Drift correction

To make a useful tracking system, the drift error (9.3) cannot be allowed to accumulate. Even if the gyroscope were perfectly calibrated, drift error would nevertheless grow due to other factors such as quantized output values, sampling rate limitations, and unmodeled noise. The first problem is to estimate the drift error, which is usually accomplished with an additional sensor. Practical examples of this will be given in Section 9.2. For the simple merry-go-round example, imagine that an overhead camera takes a picture once in a while to measure the orientation. Let $\hat{\theta}_d[k]$ denote the estimated orientation from this single sensor measurement, arriving at stage $k$.

Because of drift error, there are now two conflicting sources of information: 1) The orientation $\hat{\theta}[k]$ estimated by integrating the gyroscope, and 2) the orientation $\hat{\theta}_d[k]$ instantaneously estimated by the camera (or some other, independent sensor). A classic approach to blending these two sources is a complementary filter, which mathematically interpolates between the two estimates:

$$\hat{\theta}_c[k] = \alpha \hat{\theta}_d[k] + (1-\alpha) \hat{\theta}[k] ,$$ (9.10)

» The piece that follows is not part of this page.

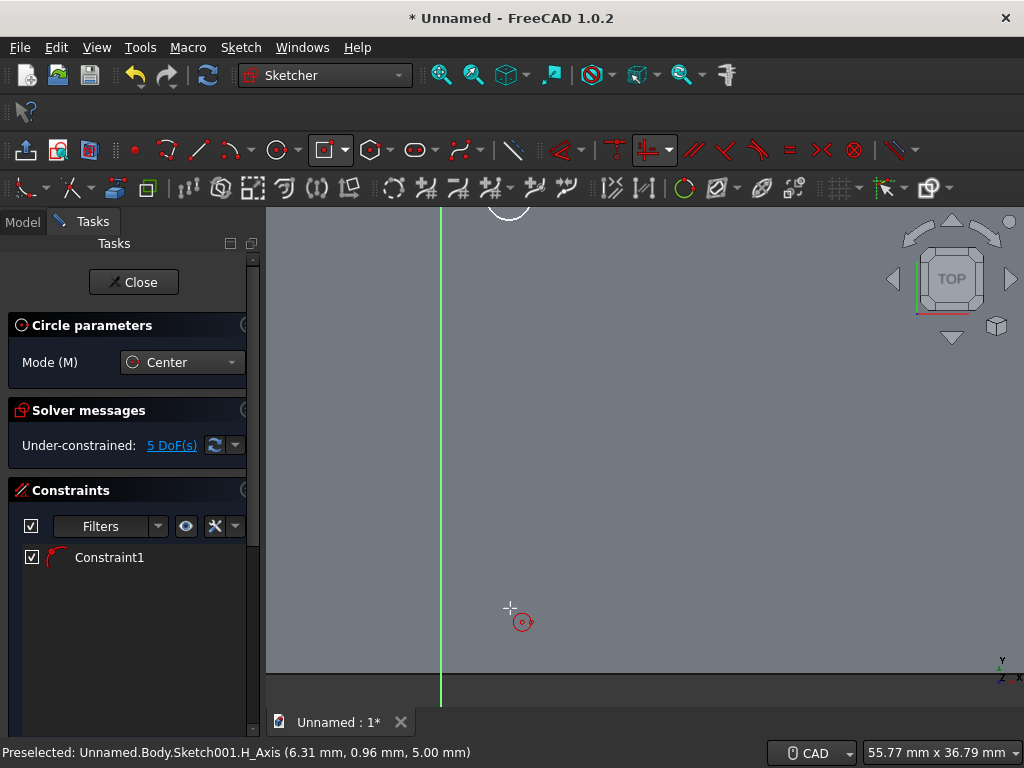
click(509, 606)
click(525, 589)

in which $\alpha$ is a gain parameter that must satisfy $0 < \alpha < 1$. Above, $\hat{\theta}_c[k]$ denotes the corrected estimate at stage $k$. Since the gyroscope is usually accurate over short times but gradually drifts, $\alpha$ is chosen to be close to zero (for example, $\alpha = 0.0001$). This causes the instantaneous estimate $\hat{\theta}_d[k]$ to have a gradual impact. At the other extreme, if $\alpha$ were close to $1$, then the estimated orientation could wildly fluctuate due to errors in $\theta_d[k]$ in each stage. An additional consideration is that if the sensor output $\hat{\theta}_d[k]$ arrives at a much lower rate than the gyroscope sampling rate, then the most recently recorded output is used. For example, a camera image might produce an orientation estimate at $60$Hz, whereas the gyroscope produces outputs at $1000$Hz. In this case, $\hat{\theta}_d[k]$ would retain the same value for 16 or 17 stages, until a new camera image becomes available.

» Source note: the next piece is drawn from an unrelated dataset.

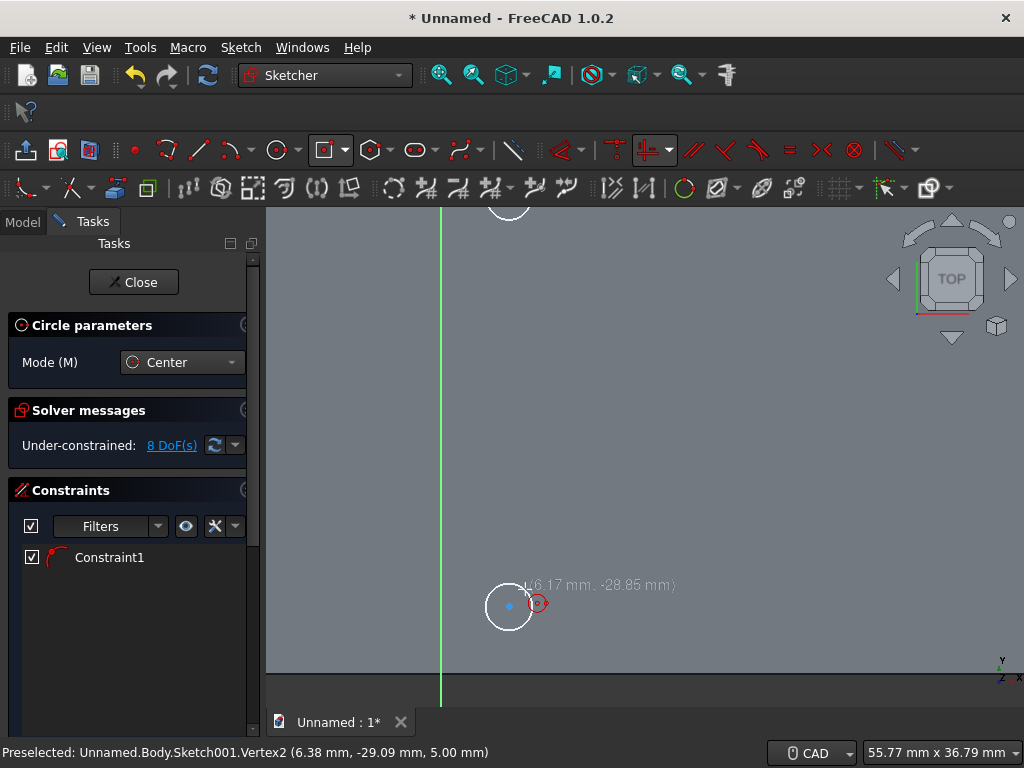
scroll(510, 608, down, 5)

It is important to select the gain $\alpha$ to be high enough so that the drift is corrected, but low enough so that the user does not perceive the corrections. The gain could be selected ``optimally'' by employing a Kalman filter [45,142,160]; however, the optimality only holds if we have a linear stochastic system, which is not the case in human body tracking. The relationship between Kalman and complementary filters, for the exact models used in this chapter, appears in [120].

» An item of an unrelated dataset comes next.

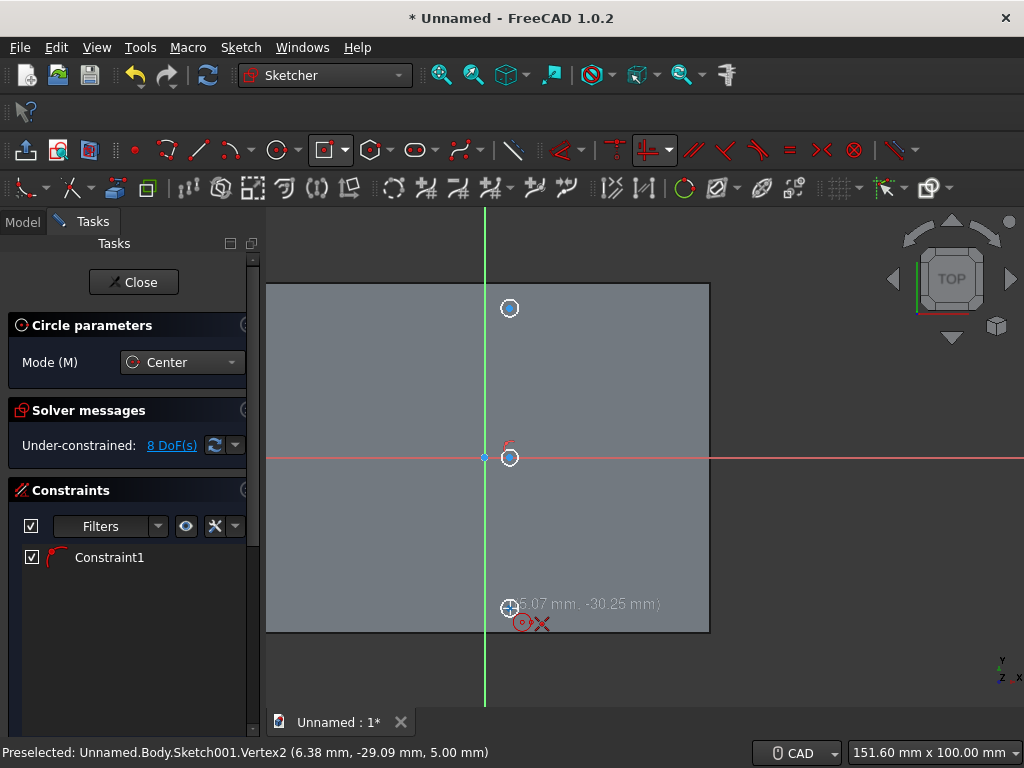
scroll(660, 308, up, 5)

Using simple algebra, the complementary filter formulation in (9.10) can be reworked to yield the following equivalent expression:

$$\hat{\theta}_c[k] = \hat{\theta}[k] - \alpha \hat{d}[k]$$ (9.11)

in which

$$\hat{d}[k] = \hat{\theta}_d[k] - \hat{\theta}[k].$$ (9.12)

Above, $\hat{d}[k]$ is just an estimate of the drift error at stage $k$. Thus, the complementary filter can alternatively be imagined as applying the negated, signed error, by a small, proportional amount $\alpha$, to try to incrementally force it to zero.